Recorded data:
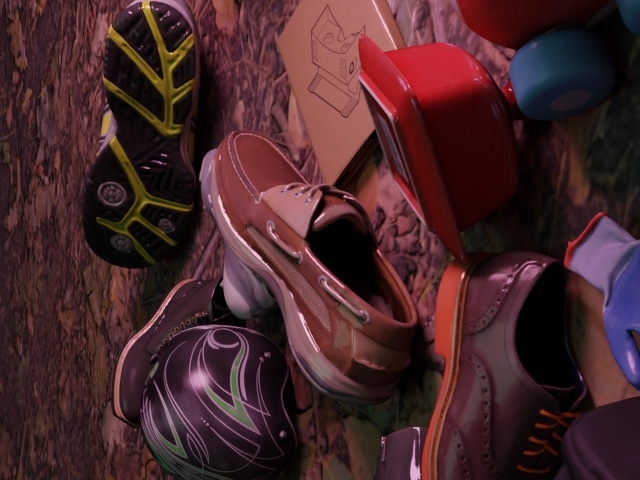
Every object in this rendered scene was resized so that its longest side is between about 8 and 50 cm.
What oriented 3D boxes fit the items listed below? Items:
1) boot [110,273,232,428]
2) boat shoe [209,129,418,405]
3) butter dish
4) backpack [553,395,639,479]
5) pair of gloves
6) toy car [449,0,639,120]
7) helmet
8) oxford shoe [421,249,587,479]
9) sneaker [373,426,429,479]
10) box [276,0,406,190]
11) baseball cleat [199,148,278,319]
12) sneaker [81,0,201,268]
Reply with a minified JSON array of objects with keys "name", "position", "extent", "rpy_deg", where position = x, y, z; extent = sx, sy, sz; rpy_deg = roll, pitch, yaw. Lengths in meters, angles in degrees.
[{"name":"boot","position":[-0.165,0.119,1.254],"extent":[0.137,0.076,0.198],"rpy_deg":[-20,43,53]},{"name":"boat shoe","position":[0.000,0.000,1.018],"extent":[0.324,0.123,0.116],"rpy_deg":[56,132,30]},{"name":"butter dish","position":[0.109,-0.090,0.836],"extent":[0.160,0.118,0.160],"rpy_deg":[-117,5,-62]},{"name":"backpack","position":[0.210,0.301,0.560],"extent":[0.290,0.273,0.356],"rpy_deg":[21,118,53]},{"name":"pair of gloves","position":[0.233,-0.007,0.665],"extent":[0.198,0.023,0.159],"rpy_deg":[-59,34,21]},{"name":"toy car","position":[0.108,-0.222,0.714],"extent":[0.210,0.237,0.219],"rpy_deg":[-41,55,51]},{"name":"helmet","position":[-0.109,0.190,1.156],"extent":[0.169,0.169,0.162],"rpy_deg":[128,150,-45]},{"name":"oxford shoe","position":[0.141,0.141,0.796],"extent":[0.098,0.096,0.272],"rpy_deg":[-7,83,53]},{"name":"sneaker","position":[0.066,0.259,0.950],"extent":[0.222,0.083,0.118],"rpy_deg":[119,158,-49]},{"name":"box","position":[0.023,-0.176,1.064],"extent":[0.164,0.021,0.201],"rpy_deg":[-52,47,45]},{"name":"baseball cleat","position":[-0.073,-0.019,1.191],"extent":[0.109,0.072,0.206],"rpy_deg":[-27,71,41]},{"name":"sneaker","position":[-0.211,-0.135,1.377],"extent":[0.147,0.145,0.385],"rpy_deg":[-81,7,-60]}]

What to produce: Give back every entry word for word, and drop the pictures as you go.

Answer to this task:
Every object in this rendered scene was resized so that its longest side is between about 8 and 50 cm.
What oriented 3D boxes fit the items listed below? Items:
1) boot [110,273,232,428]
2) boat shoe [209,129,418,405]
3) butter dish
4) backpack [553,395,639,479]
5) pair of gloves
6) toy car [449,0,639,120]
7) helmet
8) oxford shoe [421,249,587,479]
9) sneaker [373,426,429,479]
10) box [276,0,406,190]
11) baseball cleat [199,148,278,319]
12) sneaker [81,0,201,268]
Reply with a minified JSON array of objects with keys "name", "position", "extent", "rpy_deg", where position = x, y, z; extent = sx, sy, sz; rpy_deg = roll, pitch, yaw. Lengths in meters, angles in degrees.
[{"name":"boot","position":[-0.165,0.119,1.254],"extent":[0.137,0.076,0.198],"rpy_deg":[-20,43,53]},{"name":"boat shoe","position":[0.000,0.000,1.018],"extent":[0.324,0.123,0.116],"rpy_deg":[56,132,30]},{"name":"butter dish","position":[0.109,-0.090,0.836],"extent":[0.160,0.118,0.160],"rpy_deg":[-117,5,-62]},{"name":"backpack","position":[0.210,0.301,0.560],"extent":[0.290,0.273,0.356],"rpy_deg":[21,118,53]},{"name":"pair of gloves","position":[0.233,-0.007,0.665],"extent":[0.198,0.023,0.159],"rpy_deg":[-59,34,21]},{"name":"toy car","position":[0.108,-0.222,0.714],"extent":[0.210,0.237,0.219],"rpy_deg":[-41,55,51]},{"name":"helmet","position":[-0.109,0.190,1.156],"extent":[0.169,0.169,0.162],"rpy_deg":[128,150,-45]},{"name":"oxford shoe","position":[0.141,0.141,0.796],"extent":[0.098,0.096,0.272],"rpy_deg":[-7,83,53]},{"name":"sneaker","position":[0.066,0.259,0.950],"extent":[0.222,0.083,0.118],"rpy_deg":[119,158,-49]},{"name":"box","position":[0.023,-0.176,1.064],"extent":[0.164,0.021,0.201],"rpy_deg":[-52,47,45]},{"name":"baseball cleat","position":[-0.073,-0.019,1.191],"extent":[0.109,0.072,0.206],"rpy_deg":[-27,71,41]},{"name":"sneaker","position":[-0.211,-0.135,1.377],"extent":[0.147,0.145,0.385],"rpy_deg":[-81,7,-60]}]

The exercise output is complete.